- _Supplied information_:
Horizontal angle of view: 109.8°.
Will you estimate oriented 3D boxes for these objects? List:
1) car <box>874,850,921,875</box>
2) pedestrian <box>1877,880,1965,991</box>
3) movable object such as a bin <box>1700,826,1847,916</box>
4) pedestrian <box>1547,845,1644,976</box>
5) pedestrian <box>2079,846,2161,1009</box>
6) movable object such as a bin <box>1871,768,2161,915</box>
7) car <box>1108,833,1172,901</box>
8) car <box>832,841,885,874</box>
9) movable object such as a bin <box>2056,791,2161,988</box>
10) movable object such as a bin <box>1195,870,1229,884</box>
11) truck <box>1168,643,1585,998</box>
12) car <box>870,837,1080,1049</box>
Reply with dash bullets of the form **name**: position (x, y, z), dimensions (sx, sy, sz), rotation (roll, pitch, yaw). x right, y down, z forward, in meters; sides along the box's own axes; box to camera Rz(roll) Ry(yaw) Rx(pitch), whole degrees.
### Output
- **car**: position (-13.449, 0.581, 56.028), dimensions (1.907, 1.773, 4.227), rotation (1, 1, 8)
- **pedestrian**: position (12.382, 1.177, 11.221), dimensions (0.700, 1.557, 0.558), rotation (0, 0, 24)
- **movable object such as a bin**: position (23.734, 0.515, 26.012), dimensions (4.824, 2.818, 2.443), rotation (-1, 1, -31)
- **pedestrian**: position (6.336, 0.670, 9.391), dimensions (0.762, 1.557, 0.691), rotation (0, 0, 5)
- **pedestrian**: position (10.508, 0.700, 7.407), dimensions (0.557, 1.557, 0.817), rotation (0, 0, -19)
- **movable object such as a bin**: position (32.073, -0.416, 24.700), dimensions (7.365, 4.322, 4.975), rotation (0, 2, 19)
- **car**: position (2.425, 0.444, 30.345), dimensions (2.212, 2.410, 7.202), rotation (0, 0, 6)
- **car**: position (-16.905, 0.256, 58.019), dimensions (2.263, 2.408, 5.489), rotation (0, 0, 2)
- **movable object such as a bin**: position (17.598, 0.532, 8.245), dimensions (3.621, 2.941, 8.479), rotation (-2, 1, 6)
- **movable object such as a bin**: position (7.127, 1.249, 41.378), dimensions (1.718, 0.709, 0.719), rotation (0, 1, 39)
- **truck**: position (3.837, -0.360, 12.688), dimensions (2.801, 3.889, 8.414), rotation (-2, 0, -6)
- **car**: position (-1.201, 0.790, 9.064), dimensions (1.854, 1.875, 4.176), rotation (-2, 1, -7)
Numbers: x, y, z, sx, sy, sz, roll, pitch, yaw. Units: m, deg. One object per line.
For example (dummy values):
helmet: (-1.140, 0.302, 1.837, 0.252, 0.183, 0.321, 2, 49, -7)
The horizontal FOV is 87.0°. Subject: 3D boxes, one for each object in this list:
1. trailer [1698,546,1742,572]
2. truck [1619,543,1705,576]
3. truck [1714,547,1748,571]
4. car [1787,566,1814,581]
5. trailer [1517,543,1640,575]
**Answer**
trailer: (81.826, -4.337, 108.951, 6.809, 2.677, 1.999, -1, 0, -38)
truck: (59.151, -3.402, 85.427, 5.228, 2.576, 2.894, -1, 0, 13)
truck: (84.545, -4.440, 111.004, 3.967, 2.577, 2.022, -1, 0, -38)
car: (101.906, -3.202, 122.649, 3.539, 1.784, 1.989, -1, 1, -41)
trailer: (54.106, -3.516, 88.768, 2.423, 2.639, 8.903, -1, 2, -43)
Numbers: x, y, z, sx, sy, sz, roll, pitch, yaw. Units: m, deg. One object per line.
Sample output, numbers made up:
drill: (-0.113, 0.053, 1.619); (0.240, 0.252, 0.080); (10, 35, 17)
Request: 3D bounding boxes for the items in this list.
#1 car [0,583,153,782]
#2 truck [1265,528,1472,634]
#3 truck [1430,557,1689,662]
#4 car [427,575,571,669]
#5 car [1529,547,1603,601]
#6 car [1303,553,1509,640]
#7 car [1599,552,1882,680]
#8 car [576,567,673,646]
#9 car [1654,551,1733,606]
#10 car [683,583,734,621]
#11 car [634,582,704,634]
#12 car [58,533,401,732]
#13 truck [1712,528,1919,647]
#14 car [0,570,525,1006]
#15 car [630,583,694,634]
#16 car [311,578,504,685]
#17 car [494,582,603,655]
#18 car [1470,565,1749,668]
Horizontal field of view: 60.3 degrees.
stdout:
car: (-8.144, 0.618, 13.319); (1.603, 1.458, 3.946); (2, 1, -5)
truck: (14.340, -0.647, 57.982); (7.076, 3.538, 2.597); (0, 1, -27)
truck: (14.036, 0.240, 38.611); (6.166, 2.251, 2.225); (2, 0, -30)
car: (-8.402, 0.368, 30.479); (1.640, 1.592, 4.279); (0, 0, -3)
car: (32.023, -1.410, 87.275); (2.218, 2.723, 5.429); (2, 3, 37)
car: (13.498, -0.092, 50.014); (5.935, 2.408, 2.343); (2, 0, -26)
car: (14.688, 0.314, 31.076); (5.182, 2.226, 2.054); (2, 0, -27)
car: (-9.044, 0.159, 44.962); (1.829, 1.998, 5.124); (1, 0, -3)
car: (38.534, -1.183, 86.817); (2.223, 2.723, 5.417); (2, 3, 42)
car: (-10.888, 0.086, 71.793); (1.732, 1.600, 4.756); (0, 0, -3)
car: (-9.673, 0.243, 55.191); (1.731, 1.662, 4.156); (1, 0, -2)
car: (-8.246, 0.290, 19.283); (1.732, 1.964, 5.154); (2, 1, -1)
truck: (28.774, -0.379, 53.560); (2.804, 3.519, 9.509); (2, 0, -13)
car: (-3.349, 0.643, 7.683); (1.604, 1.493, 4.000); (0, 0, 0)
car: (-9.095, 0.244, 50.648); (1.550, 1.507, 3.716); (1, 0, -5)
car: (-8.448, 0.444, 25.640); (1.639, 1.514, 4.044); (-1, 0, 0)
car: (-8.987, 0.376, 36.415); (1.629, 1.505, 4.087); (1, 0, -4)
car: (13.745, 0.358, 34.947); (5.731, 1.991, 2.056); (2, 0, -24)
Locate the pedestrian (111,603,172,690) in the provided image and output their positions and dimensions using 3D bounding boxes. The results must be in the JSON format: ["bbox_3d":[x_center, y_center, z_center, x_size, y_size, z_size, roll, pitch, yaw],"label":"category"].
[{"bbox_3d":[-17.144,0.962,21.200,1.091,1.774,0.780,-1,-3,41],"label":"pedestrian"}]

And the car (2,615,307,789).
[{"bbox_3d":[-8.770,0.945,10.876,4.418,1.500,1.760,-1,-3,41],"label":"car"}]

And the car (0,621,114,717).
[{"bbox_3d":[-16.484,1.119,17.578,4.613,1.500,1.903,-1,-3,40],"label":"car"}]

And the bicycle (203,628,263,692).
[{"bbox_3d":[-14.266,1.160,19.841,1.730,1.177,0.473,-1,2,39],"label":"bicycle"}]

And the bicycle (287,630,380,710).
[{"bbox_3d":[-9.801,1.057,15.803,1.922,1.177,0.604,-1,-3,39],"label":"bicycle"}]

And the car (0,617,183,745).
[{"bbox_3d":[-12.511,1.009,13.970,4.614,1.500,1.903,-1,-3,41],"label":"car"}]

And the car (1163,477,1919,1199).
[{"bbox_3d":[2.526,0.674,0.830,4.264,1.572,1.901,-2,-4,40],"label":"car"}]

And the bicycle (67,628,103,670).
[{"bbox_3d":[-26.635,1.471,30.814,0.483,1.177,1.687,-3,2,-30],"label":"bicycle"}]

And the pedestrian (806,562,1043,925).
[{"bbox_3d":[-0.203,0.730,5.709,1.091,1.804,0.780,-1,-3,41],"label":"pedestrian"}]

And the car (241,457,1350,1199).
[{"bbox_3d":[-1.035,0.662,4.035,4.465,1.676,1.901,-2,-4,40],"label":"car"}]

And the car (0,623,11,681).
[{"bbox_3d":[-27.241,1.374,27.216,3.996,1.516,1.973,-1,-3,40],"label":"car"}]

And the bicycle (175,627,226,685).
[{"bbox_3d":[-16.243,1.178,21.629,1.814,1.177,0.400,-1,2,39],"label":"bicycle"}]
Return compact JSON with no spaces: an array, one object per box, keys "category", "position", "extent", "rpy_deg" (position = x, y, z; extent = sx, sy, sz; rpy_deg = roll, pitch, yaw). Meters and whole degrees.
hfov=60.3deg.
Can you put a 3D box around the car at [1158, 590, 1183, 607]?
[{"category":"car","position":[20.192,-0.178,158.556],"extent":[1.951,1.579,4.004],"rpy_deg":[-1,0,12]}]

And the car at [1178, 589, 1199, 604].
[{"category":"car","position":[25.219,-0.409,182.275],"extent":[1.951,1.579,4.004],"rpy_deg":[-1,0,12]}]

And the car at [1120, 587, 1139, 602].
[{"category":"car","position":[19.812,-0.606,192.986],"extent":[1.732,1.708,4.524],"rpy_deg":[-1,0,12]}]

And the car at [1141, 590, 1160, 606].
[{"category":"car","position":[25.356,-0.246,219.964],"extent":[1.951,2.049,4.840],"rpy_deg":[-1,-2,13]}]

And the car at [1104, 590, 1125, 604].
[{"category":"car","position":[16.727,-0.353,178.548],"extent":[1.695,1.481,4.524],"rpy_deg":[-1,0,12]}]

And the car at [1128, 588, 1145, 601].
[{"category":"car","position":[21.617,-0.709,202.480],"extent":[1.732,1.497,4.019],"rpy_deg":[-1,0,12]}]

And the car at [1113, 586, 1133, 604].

- _The task_:
Which of the lines above mention the word "with"? Pull those lines out.

- _Response to this exercise_:
Reply with dash bullets of the form **name**: position (x, y, z), dimensions (sx, sy, sz), rotation (roll, pitch, yaw). x right, y down, z forward, in meters; sides along the box's own axes; box to camera Rz(roll) Ry(yaw) Rx(pitch), whole degrees.
Return compact JSON with no spaces: an array, one object per box, keys "category", "position", "extent", "rpy_deg" (position = x, y, z; extent = sx, sy, sz; rpy_deg = roll, pitch, yaw). Meters and whole degrees.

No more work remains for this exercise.